Pebax-based composite membranes with high gas transport properties enhanced by ionic liquids for CO2 separation

Abstract

Membrane-based separation technology has been reported as one of the possible methods to efficiently and economically separate carbon dioxide (CO₂). To provide synergistic enhancements in the gas separation performance, organic polymer (Pebax 1657), zeolite imidazolate framework-8 (ZIF-8) nanoparticles, and ionic liquid (IL) have been integrated to develop three-component composite membranes. To achieve high separation performance of three-component membranes, the effects of IL anions and ZIF-8 content on gas permeability and selectivity were investigated first. The ILs were 1-butyl-3-methyl imidazolium ([Bmim]) cation based on different anions of bis(trifluoromethylsulfonyl)imide ([NTf₂]), dicyanamide ([DCA]), and tetrafluoroborate ([BF₄]).

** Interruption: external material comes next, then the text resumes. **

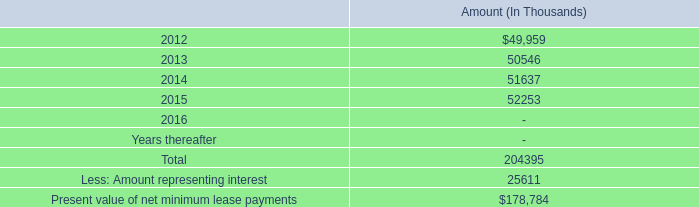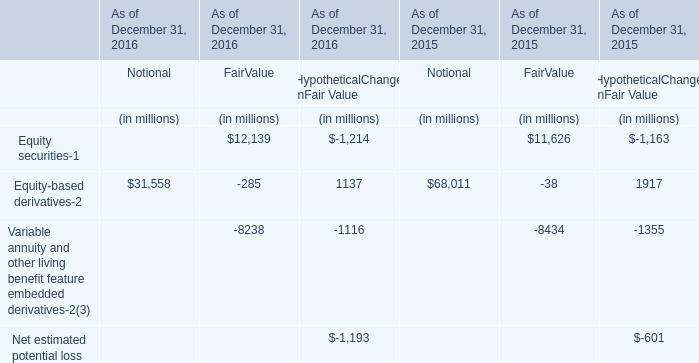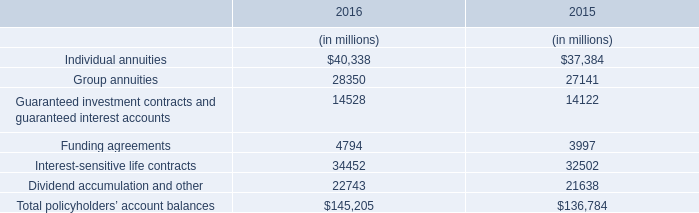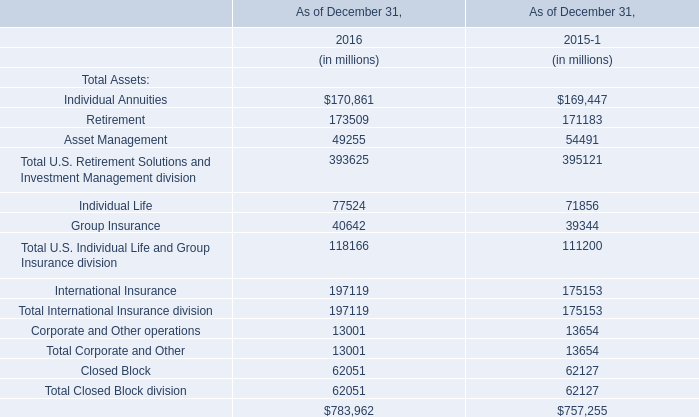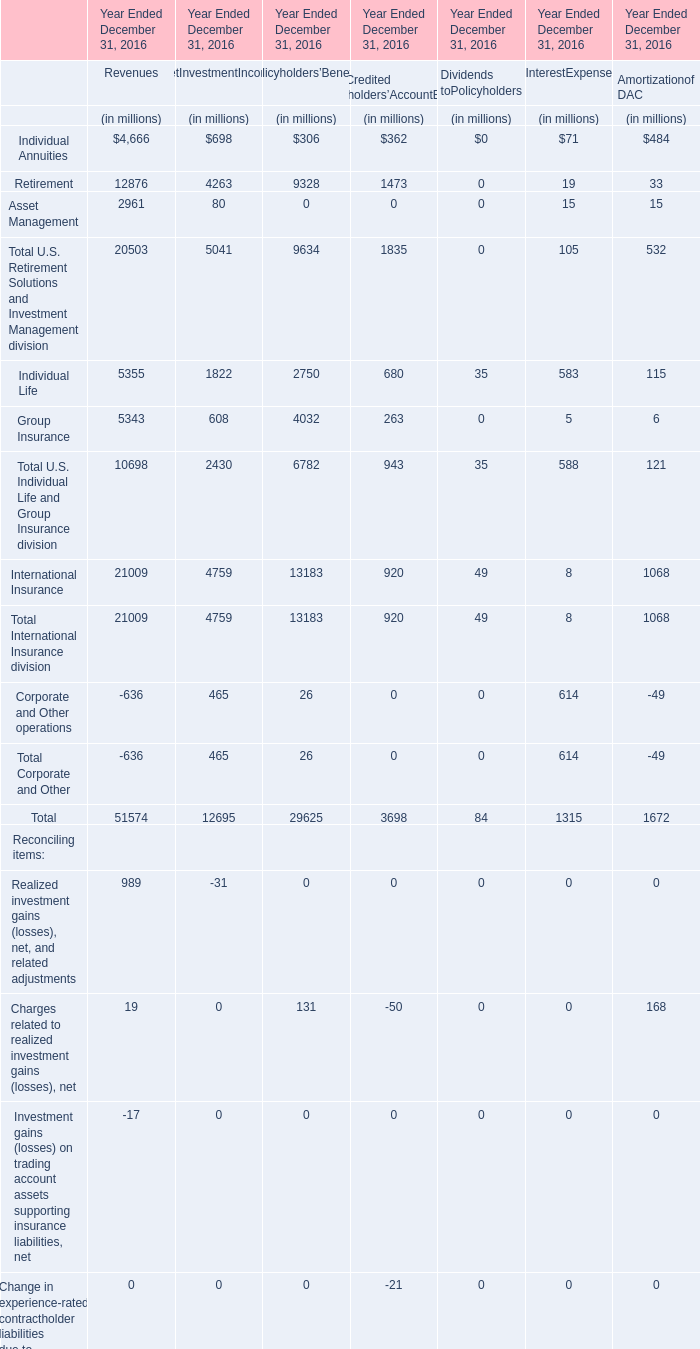What was the average value of Total U.S. Retirement Solutions and Investment Management division ,Retirement ,Asset Management forRevenues (in million) 
Computations: (((12876 + 2961) + 20503) / 3)
Answer: 12113.33333.

Gas transport properties of all the prepared membranes were investigated at 23 °C and 1 bar. The results showed that the anion of IL is a key factor to determine the CO₂ permeability of the membranes, which is similar to the principle of CO₂ solubility in pure ILs. In addition, ZIF-8 could increase both CO₂ diffusivity and solubility coefficients of the Pebax/ZIF-8 membranes, resulting in a two-fold increase in the CO₂ permeability. For the Pebax/ZIF-8(15%)/[Bmim][NTf₂] membranes, it has been revealed that [Bmim][NTf₂] acts as a low molecular weight additive, leading to a more amorphous structure and a higher FFV (fractional free volume) of the membranes, which are beneficial for gas diffusion. The addition of IL can improve the compatibility between the inorganic particles and the polymer matrix; thus, the non-selective voids decrease, which leads to a higher CO₂/N₂ selectivity. The CO₂ permeability of the Pebax/ZIF-8(15%)/IL(80%) membrane was 4.3 times that of the pure Pebax membrane without sacrificing the CO₂/N₂ selectivity. Therefore, the high gas transport properties of the Pebax/ZIF-8/IL membranes make them promising candidates for CO₂-effective separation materials.